Tongue and oral cancer melanoma
SIRT3 experiences upregulation in oral cancer cells. SIRT3 is responsible for regulating Fis-1 expression through the c-jun N-terminal kinase (JNK) pathway. Notably, the downregulation of SIRT3 via the Fis-1/JNK pathway significantly contributes to the suppression of tongue cancer cells (Zhu et al. 2017). In the context of tongue and oral cancer, SIRT3 serves as a tumor promoter, inducing carcinogenesis and fostering cell proliferation. On the flip side, the downregulation of SIRT3 curbs oral cancer cell proliferation (Alhazzazi et al. 2011). SIRT3 exerts its influence by reducing the catalytic activity of specific proteins, thereby affecting redox metabolism. This inhibition of SIRT3 results in the attenuation of cell growth and proliferation while concurrently decreasing the levels of reactive oxygen species (ROS) in oral cancer cells (Chen et al. 2013). As of now, there is no available literature connecting SIRT4 and SIRT5 with tongue and oral cancer.
Cardiomyocytes
SIRT3 safeguards cardiomyocytes against oxidative stress and apoptosis through the modulation of the NF-κB pathway (Chen et al. 2013). Through its deacetylation of KU-70, SIRT3 enhances the interaction between KU-70 and Bax protein, resulting in an elevated expression of SIRT3 that safeguards cardiomyocytes from oxidative stress conditions (Sundaresan et al. 2008). In the realm of hypoxia-induced cardiomyocyte apoptosis, SIRT4 emerges as a pivotal player. It exerts influence on H9c2 cell viability and the activity of caspase 3/7. Furthermore, SIRT4’s effects extend to the modulation of pro-caspase 9/caspase 9, pro-caspase 3/caspase 3, and Bax translocation (Liu et al. 2013). Downregulation of SIRT5 causes reduced cell viability and increases the number of apoptotic cells. SIRT5 regulates oxidative stress and induces apoptosis in cardiomyocytes (Liu et al. 2013). The involvement of SIRT(1–7) leads to different outcomes—promotion or suppression—in various cancers, which are concisely summarized in Fig. 3.

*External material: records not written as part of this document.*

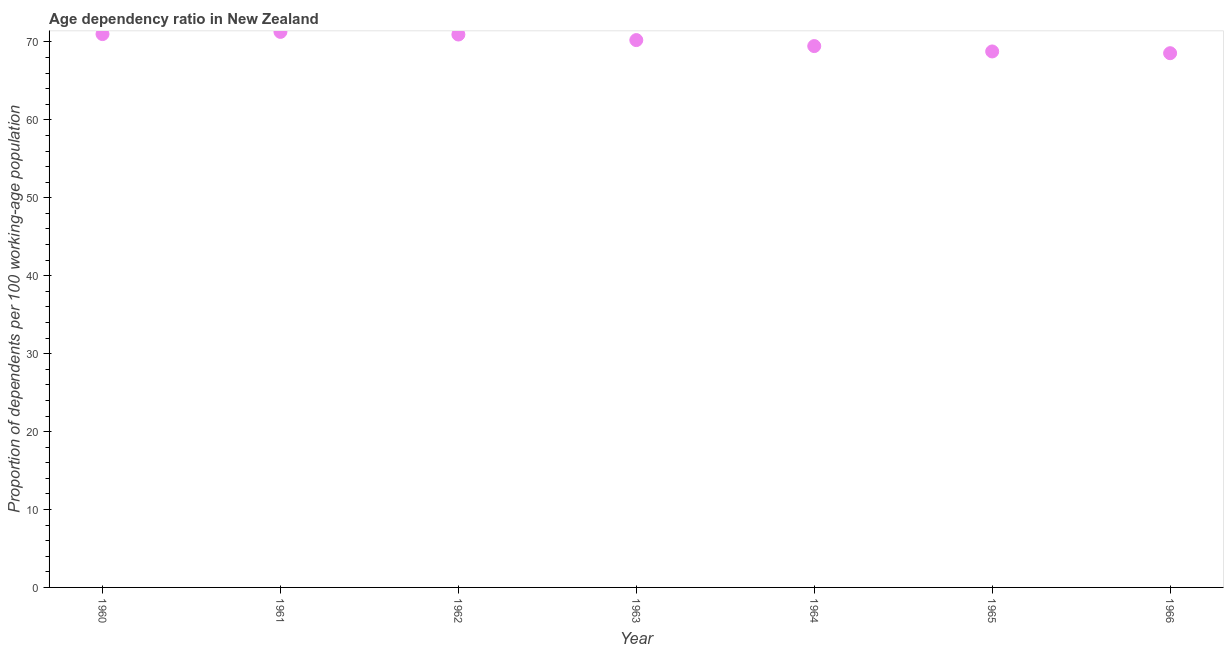What is the age dependency ratio in 1965?
Ensure brevity in your answer.  68.79. Across all years, what is the maximum age dependency ratio?
Make the answer very short. 71.3. Across all years, what is the minimum age dependency ratio?
Offer a terse response. 68.56. In which year was the age dependency ratio maximum?
Offer a very short reply. 1961. In which year was the age dependency ratio minimum?
Offer a very short reply. 1966. What is the sum of the age dependency ratio?
Offer a very short reply. 490.34. What is the difference between the age dependency ratio in 1963 and 1964?
Offer a terse response. 0.77. What is the average age dependency ratio per year?
Provide a short and direct response. 70.05. What is the median age dependency ratio?
Your answer should be very brief. 70.24. Do a majority of the years between 1962 and 1964 (inclusive) have age dependency ratio greater than 66 ?
Offer a terse response. Yes. What is the ratio of the age dependency ratio in 1960 to that in 1963?
Offer a terse response. 1.01. What is the difference between the highest and the second highest age dependency ratio?
Your answer should be compact. 0.28. What is the difference between the highest and the lowest age dependency ratio?
Provide a succinct answer. 2.73. In how many years, is the age dependency ratio greater than the average age dependency ratio taken over all years?
Your answer should be very brief. 4. Does the age dependency ratio monotonically increase over the years?
Offer a very short reply. No. How many dotlines are there?
Offer a terse response. 1. Are the values on the major ticks of Y-axis written in scientific E-notation?
Give a very brief answer. No. Does the graph contain grids?
Give a very brief answer. No. What is the title of the graph?
Give a very brief answer. Age dependency ratio in New Zealand. What is the label or title of the X-axis?
Your response must be concise. Year. What is the label or title of the Y-axis?
Provide a succinct answer. Proportion of dependents per 100 working-age population. What is the Proportion of dependents per 100 working-age population in 1960?
Make the answer very short. 71.02. What is the Proportion of dependents per 100 working-age population in 1961?
Offer a very short reply. 71.3. What is the Proportion of dependents per 100 working-age population in 1962?
Offer a terse response. 70.96. What is the Proportion of dependents per 100 working-age population in 1963?
Your answer should be compact. 70.24. What is the Proportion of dependents per 100 working-age population in 1964?
Offer a terse response. 69.48. What is the Proportion of dependents per 100 working-age population in 1965?
Offer a very short reply. 68.79. What is the Proportion of dependents per 100 working-age population in 1966?
Give a very brief answer. 68.56. What is the difference between the Proportion of dependents per 100 working-age population in 1960 and 1961?
Offer a terse response. -0.28. What is the difference between the Proportion of dependents per 100 working-age population in 1960 and 1962?
Offer a terse response. 0.06. What is the difference between the Proportion of dependents per 100 working-age population in 1960 and 1963?
Your answer should be compact. 0.77. What is the difference between the Proportion of dependents per 100 working-age population in 1960 and 1964?
Provide a succinct answer. 1.54. What is the difference between the Proportion of dependents per 100 working-age population in 1960 and 1965?
Offer a very short reply. 2.23. What is the difference between the Proportion of dependents per 100 working-age population in 1960 and 1966?
Make the answer very short. 2.45. What is the difference between the Proportion of dependents per 100 working-age population in 1961 and 1962?
Provide a short and direct response. 0.34. What is the difference between the Proportion of dependents per 100 working-age population in 1961 and 1963?
Your response must be concise. 1.05. What is the difference between the Proportion of dependents per 100 working-age population in 1961 and 1964?
Keep it short and to the point. 1.82. What is the difference between the Proportion of dependents per 100 working-age population in 1961 and 1965?
Provide a short and direct response. 2.51. What is the difference between the Proportion of dependents per 100 working-age population in 1961 and 1966?
Provide a short and direct response. 2.73. What is the difference between the Proportion of dependents per 100 working-age population in 1962 and 1963?
Provide a succinct answer. 0.72. What is the difference between the Proportion of dependents per 100 working-age population in 1962 and 1964?
Your answer should be compact. 1.48. What is the difference between the Proportion of dependents per 100 working-age population in 1962 and 1965?
Your response must be concise. 2.17. What is the difference between the Proportion of dependents per 100 working-age population in 1962 and 1966?
Make the answer very short. 2.4. What is the difference between the Proportion of dependents per 100 working-age population in 1963 and 1964?
Your answer should be compact. 0.77. What is the difference between the Proportion of dependents per 100 working-age population in 1963 and 1965?
Make the answer very short. 1.46. What is the difference between the Proportion of dependents per 100 working-age population in 1963 and 1966?
Make the answer very short. 1.68. What is the difference between the Proportion of dependents per 100 working-age population in 1964 and 1965?
Provide a short and direct response. 0.69. What is the difference between the Proportion of dependents per 100 working-age population in 1964 and 1966?
Offer a very short reply. 0.91. What is the difference between the Proportion of dependents per 100 working-age population in 1965 and 1966?
Your answer should be compact. 0.22. What is the ratio of the Proportion of dependents per 100 working-age population in 1960 to that in 1961?
Keep it short and to the point. 1. What is the ratio of the Proportion of dependents per 100 working-age population in 1960 to that in 1962?
Offer a very short reply. 1. What is the ratio of the Proportion of dependents per 100 working-age population in 1960 to that in 1965?
Offer a terse response. 1.03. What is the ratio of the Proportion of dependents per 100 working-age population in 1960 to that in 1966?
Your answer should be very brief. 1.04. What is the ratio of the Proportion of dependents per 100 working-age population in 1961 to that in 1964?
Your answer should be very brief. 1.03. What is the ratio of the Proportion of dependents per 100 working-age population in 1961 to that in 1965?
Offer a very short reply. 1.04. What is the ratio of the Proportion of dependents per 100 working-age population in 1961 to that in 1966?
Your response must be concise. 1.04. What is the ratio of the Proportion of dependents per 100 working-age population in 1962 to that in 1963?
Your answer should be compact. 1.01. What is the ratio of the Proportion of dependents per 100 working-age population in 1962 to that in 1964?
Ensure brevity in your answer.  1.02. What is the ratio of the Proportion of dependents per 100 working-age population in 1962 to that in 1965?
Your response must be concise. 1.03. What is the ratio of the Proportion of dependents per 100 working-age population in 1962 to that in 1966?
Ensure brevity in your answer.  1.03. What is the ratio of the Proportion of dependents per 100 working-age population in 1963 to that in 1965?
Keep it short and to the point. 1.02. What is the ratio of the Proportion of dependents per 100 working-age population in 1963 to that in 1966?
Give a very brief answer. 1.02. What is the ratio of the Proportion of dependents per 100 working-age population in 1965 to that in 1966?
Your answer should be compact. 1.

Therapeutic targets of SIRTs
Due to their dual nature, SIRTs have garnered significant attention as potential targets for drug development. A wide array of inhibitors and activators has been identified (Table 4) which laid down the foundation for studying the functions of SITRs and potentially as a treatment for different diseases in different conditions. Currently, repositioning study was performed to investigate the pan inhibitors of SIRT (Sarı et al. 2021). Particularly, 1502 sets of FDA-approved drugs were screened using three different software as AutoDock Vina/PyPx (Dallakyan and Olson 2015), Glide (Friesner et al. 2004), and FRED (McGann 2012) against the crystal structure of SIRTs, and the consensus score was generated by taking the average of these three score values. Based on these consensus scores, the top pan-SIRT inhibitors were indacaterol, alosetron, and cinacalcet. The therapeutic potential of these selected inhibitors was confirmed by in vitro studies.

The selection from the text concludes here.